From: Hangbin Liu <liuhangbin@gmail.com>

This is an update for 460c03f3f3cc ("iplink: double the buffer size also in
iplink_get()"). After update, we will not need to double the buffer size
every time when VFs number increased.

With call like rtnl_talk(&rth, &req.n, NULL, 0), we can simply remove the
length parameter.

With call like rtnl_talk(&rth, nlh, nlh, sizeof(req), I add a new variable
answer to avoid overwrite data in nlh, because it may has more info after
nlh. also this will avoid nlh buffer not enough issue.

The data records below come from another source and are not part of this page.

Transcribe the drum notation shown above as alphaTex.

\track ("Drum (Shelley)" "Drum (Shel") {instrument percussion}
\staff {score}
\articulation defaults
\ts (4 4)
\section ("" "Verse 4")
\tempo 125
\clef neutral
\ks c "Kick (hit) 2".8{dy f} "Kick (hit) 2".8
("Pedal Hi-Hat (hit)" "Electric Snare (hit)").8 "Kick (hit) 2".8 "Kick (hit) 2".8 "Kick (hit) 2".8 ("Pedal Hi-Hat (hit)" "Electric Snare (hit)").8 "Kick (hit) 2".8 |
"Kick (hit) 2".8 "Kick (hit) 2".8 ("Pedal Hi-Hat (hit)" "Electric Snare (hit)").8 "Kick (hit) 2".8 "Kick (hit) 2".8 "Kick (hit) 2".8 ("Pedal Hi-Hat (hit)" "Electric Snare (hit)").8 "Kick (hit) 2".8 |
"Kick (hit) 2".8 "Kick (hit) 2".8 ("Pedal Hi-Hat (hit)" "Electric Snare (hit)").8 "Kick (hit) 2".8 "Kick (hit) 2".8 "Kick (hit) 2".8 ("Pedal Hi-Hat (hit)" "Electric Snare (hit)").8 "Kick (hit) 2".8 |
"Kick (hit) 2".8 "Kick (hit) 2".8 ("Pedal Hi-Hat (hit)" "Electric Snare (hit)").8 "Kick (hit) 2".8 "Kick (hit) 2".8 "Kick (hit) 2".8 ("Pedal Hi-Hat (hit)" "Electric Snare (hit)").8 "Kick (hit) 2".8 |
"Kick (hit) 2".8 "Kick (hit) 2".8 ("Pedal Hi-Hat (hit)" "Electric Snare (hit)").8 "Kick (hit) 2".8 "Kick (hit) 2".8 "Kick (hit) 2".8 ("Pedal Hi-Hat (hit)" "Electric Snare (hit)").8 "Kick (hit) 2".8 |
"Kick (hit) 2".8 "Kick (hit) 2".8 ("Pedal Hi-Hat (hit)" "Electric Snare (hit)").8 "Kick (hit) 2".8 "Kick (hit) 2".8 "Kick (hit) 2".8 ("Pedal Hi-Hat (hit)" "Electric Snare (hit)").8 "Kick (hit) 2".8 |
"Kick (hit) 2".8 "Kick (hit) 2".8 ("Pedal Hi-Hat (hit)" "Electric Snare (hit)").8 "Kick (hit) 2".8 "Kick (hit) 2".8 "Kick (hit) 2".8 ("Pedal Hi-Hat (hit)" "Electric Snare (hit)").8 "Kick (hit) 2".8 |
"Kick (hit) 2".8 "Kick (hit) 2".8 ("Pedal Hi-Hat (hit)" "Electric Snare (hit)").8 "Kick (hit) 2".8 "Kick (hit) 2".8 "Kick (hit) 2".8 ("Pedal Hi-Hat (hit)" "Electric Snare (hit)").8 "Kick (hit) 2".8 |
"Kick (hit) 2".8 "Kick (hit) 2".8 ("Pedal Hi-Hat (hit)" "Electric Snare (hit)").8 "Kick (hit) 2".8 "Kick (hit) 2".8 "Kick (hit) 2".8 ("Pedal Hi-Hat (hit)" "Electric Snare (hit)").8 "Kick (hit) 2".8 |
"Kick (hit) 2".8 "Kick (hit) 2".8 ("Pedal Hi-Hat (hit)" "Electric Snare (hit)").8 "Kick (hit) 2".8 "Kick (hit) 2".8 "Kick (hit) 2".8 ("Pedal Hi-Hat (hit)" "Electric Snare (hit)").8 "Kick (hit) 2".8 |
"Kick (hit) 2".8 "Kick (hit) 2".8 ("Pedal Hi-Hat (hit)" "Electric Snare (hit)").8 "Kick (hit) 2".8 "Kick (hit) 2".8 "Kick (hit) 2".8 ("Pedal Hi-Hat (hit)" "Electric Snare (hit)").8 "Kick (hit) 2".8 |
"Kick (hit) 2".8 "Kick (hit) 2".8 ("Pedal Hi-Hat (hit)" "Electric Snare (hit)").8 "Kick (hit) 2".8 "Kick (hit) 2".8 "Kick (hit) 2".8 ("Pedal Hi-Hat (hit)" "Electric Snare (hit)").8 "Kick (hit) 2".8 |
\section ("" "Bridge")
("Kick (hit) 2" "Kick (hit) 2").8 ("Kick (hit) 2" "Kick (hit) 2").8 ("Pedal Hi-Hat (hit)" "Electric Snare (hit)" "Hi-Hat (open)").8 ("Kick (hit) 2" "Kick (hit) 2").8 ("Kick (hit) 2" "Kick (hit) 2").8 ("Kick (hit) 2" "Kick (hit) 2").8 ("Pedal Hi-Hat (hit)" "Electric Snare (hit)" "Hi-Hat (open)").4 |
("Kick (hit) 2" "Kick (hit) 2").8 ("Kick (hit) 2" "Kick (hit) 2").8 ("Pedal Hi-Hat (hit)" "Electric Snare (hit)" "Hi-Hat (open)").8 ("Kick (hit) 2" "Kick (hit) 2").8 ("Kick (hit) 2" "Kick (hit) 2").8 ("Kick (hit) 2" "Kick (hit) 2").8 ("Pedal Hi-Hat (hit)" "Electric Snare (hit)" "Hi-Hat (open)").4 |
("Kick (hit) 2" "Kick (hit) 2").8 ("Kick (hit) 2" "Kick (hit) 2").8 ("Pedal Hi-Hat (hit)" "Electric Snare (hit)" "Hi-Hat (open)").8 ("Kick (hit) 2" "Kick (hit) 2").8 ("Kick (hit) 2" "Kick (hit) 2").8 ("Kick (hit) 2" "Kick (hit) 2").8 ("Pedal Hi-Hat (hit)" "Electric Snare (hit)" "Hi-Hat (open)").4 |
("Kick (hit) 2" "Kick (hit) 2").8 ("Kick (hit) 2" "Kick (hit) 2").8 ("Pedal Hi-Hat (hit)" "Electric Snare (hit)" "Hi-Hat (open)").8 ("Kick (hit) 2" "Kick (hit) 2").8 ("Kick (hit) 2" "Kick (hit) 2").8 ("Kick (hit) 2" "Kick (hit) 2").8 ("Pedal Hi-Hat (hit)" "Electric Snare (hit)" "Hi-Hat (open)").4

We need to free answer after using.

Signed-off-by: Hangbin Liu <liuhangbin@gmail.com>
Signed-off-by: Phil Sutter <phil@nwl.cc>
---
 bridge/fdb.c         |  2 +-
 bridge/link.c        |  2 +-
 bridge/mdb.c         |  2 +-
 bridge/vlan.c        |  2 +-
 genl/ctrl.c          | 19 ++++++++++++-------
 include/libnetlink.h |  6 +++---
 ip/ipaddress.c       |  4 ++--
 ip/ipaddrlabel.c     |  4 ++--
 ip/ipfou.c           |  4 ++--
 ip/ipila.c           |  4 ++--
 ip/ipl2tp.c          |  8 ++++----
 ip/iplink.c          | 38 +++++++++++++++++++-------------------
 ip/iplink_vrf.c      | 44 ++++++++++++++++++++------------------------
 ip/ipmacsec.c        |  2 +-
 ip/ipneigh.c         |  2 +-
 ip/ipnetns.c         | 23 ++++++++++++++---------
 ip/ipntable.c        |  2 +-
 ip/iproute.c         | 26 +++++++++++++++++---------
 ip/iprule.c          |  6 +++---
 ip/ipseg6.c          |  8 +++++---
 ip/iptoken.c         |  2 +-
 ip/link_gre.c        | 11 +++++++----
 ip/link_gre6.c       | 11 +++++++----
 ip/link_ip6tnl.c     | 11 +++++++----
 ip/link_iptnl.c      | 10 ++++++----
 ip/link_vti.c        | 11 +++++++----
 ip/link_vti6.c       | 11 +++++++----
 ip/tcp_metrics.c     |  8 +++++---
 ip/xfrm_policy.c     | 25 +++++++++++++------------
 ip/xfrm_state.c      | 30 ++++++++++++++++--------------
 lib/libgenl.c        |  9 +++++++--
 lib/libnetlink.c     | 24 +++++++++++-------------
 misc/ss.c            |  2 +-
 tc/m_action.c        | 12 ++++++------
 tc/tc_class.c        |  2 +-
 tc/tc_filter.c       |  8 +++++---
 tc/tc_qdisc.c        |  2 +-
 37 files changed, 220 insertions(+), 177 deletions(-)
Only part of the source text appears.